22 Thursday Aug 2013

Posted by Sherry in Crap I Learned, Editorials, Essays, Evolution, fundamentalism, Humor, Satire, science, teabaggers

≈ 5 Comments

Tags

Americans, body politic, climate change, evolution, ideology, ignorance, science

beatadeadhorseI am singularly aware that I bang a drum slowly, preach to the choir, and will change not one mind. Those minds that need to change, I fear are so atrophied by lack of use at this point as to be irredeemable.

However, why should that stop me?

I preach because in the great unwashed population, I sense a great number of hanger-ons, barely listening, hardly conscious of that which is beyond their own field of vision. They are the “average” person in American, and perhaps in the world. People so busy making ends meet, schedules kept, children raised to do more than gnaw raw bones on the front lawn, that they have little time for other “stuff”.

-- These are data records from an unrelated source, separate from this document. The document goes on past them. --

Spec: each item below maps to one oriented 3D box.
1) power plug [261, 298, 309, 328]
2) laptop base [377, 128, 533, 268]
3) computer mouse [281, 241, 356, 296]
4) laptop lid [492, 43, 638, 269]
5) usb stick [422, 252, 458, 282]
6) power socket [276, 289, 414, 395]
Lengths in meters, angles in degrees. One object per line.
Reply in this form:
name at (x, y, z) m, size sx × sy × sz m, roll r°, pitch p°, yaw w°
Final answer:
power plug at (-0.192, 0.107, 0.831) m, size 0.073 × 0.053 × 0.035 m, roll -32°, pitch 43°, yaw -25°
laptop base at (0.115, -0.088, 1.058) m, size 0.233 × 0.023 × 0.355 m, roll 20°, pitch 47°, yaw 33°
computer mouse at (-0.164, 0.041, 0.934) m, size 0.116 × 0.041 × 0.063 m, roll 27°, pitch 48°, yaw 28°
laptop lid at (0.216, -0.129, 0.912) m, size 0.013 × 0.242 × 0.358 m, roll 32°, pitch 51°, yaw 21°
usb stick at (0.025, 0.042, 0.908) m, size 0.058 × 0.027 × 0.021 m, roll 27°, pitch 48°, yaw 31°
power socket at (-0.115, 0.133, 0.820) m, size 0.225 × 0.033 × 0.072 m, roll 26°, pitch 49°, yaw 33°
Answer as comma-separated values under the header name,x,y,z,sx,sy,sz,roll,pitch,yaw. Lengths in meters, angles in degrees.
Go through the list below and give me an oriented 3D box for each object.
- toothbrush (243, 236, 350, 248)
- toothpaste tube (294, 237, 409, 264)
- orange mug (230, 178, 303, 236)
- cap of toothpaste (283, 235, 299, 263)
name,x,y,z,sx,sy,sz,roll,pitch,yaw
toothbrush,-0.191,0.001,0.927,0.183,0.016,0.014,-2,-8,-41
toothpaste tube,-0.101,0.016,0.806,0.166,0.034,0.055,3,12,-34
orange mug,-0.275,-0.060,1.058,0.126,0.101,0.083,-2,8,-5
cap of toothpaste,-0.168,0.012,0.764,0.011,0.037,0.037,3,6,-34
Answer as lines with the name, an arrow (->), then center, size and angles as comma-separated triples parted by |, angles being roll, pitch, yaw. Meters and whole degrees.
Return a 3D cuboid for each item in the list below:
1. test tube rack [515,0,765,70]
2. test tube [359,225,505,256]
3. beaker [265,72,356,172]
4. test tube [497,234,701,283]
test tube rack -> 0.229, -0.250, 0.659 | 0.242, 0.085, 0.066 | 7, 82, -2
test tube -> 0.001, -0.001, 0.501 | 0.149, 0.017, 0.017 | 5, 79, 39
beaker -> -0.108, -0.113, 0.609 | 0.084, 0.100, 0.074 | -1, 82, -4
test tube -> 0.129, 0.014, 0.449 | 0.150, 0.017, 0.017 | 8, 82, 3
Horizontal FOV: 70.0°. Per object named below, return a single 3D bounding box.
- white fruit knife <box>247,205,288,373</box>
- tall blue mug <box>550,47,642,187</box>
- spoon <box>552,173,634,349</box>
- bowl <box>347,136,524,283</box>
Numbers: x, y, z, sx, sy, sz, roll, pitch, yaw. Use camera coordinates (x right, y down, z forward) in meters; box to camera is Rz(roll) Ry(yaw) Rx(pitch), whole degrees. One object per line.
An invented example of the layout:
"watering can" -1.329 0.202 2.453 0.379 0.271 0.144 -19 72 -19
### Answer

In other words, what polls show is perhaps hiding the truth rather than exposing it. I speak of yesterdays revelation from the PPP poll, to the question of whom is to blame for Hurricane Katrina’s aftermath? Nearly a third, 29% thought that Obama was to blame, while ONLY 28% thought George Bush was. A full 44% had no clue.

Now, this means but one thing. Twenty-nine percent of the people in Louisiana are dumber than the dirt they stand upon. Or are they? Granted, those that truly believe this, well they are lost to us. They should be kept in locked houses, taken for walks on leashes, and fed a low-fat diet and given a few chew toys for amusement. A car ride once in a while will suffice to keep them happy.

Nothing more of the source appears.